MATERIAL PROVIDED Block Start

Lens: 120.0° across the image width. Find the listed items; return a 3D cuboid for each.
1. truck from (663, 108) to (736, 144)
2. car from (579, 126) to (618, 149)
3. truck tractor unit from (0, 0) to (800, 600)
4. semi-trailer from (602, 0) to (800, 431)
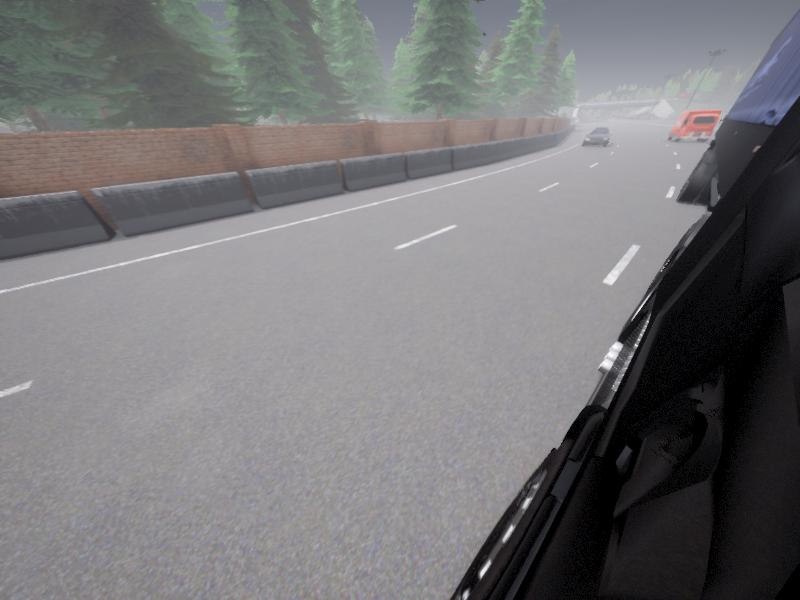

MATERIAL PROVIDED Block End

- **ABOUT THIS TASK**
The expected result is every line above containing the string "from".

- **ANSWER FOR THIS EXERCISE**
1. truck from (663, 108) to (736, 144)
2. car from (579, 126) to (618, 149)
3. truck tractor unit from (0, 0) to (800, 600)
4. semi-trailer from (602, 0) to (800, 431)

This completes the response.